A variable indicating which strain of the virus was dominant in the UK [26] at the time of infection was coded as (0) the original COVID-19 variant (31 January to 31 October 2020, (1) Alpha (1 November 2020 to 30 June 2021), (2) Delta (1 July 2021 to 30 November 2021), and (3) Omicron (1 December 2021 onwards).
Socio-demographics
Socio-demographics were collected at baseline, which was participants’ first time taking part in the study: gender (male vs female), age (60+, 45–59, 30–44, and 18–29) ethnicity (white vs ethnic minority groups [i.e., Asian/Asian British, etc. See Supplemental Table S1 for a full listing of response options]), education (undergraduate degree or higher, A-levels/vocational training, and up to GCSE (General Certificate of Secondary Education), low income (<£30,0000), employment status (not employed [i.e., at school/ university, unable to work due to disability, etc] vs employed, government’s identified key worker status (vs not a key worker), crowded household (< one room per person), living arrangement (living alone vs living with others but not including children vs living with others, including children), and area of dwelling (urban vs rural).
Pre-existing health conditions
Participants reported whether they had received a clinical diagnosis of a mental health condition (e.g., depression, anxiety) or chronic physical health condition (e.g., high blood pressure, diabetes). Two binary variables to indicate the presence of pre-existing physical and mental health conditions.
Statistical analysis
First, binary logistic regression models were fitted to examine associations of health behaviours in the month before infection with COVID-19 and the development of long COVID. Second, binary logistic regression models were fitted to examine associations between health behaviours in the month prior to COVID-19 infection and the presence of each of the three specific long COVID symptoms (difficulty with mobility, cognition, and self-care) amongst participants with long COVID.
For both sets of analyses, Model 1 included only health behaviours in the same model, Model 2 additionally adjusted for COVID-19 infection variables, Model 3 additionally adjusted for socio-demographic characteristics, and Model 4 additionally adjusted for pre-existing health conditions. Robust standard errors were used in all analyses. Coefficients from the binary logistic regressions were exponentiated and presented as odds ratios (OR).
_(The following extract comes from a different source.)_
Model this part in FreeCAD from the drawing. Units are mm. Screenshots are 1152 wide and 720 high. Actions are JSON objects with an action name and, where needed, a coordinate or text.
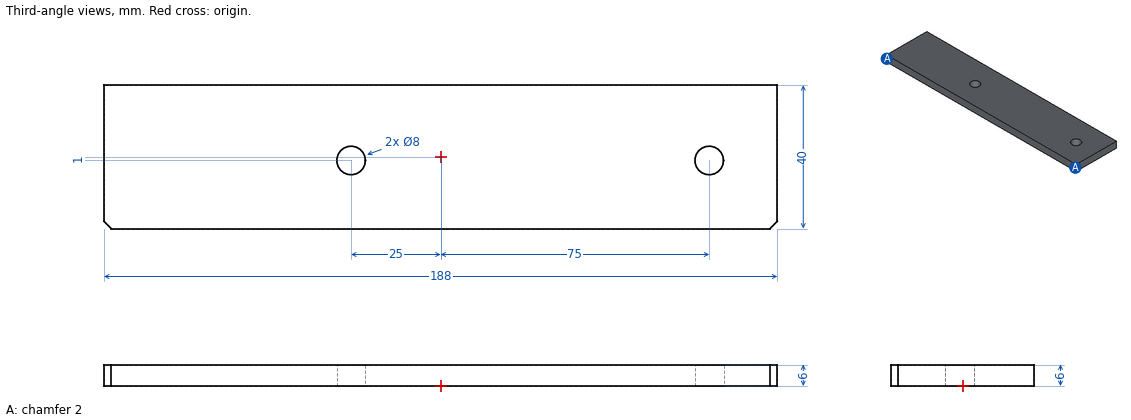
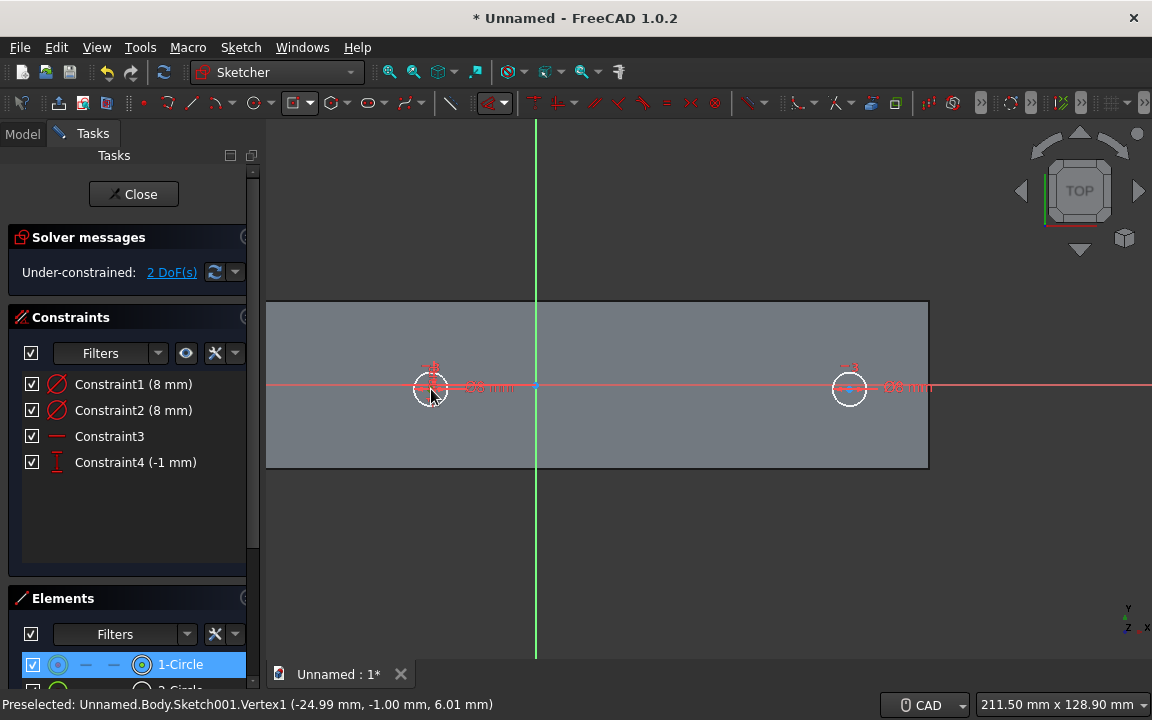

To and increase representativeness of the UK general population, weights were applied throughout all analyses. The sample was weighted to the proportions of gender, age, ethnicity, country, and education in the UK population obtained from the Office for National Statistics [27]. A multivariate reweighting method was implemented using the Stata user written command ‘ebalance’ [28]. Analyses were conducted using Stata version 16 [29].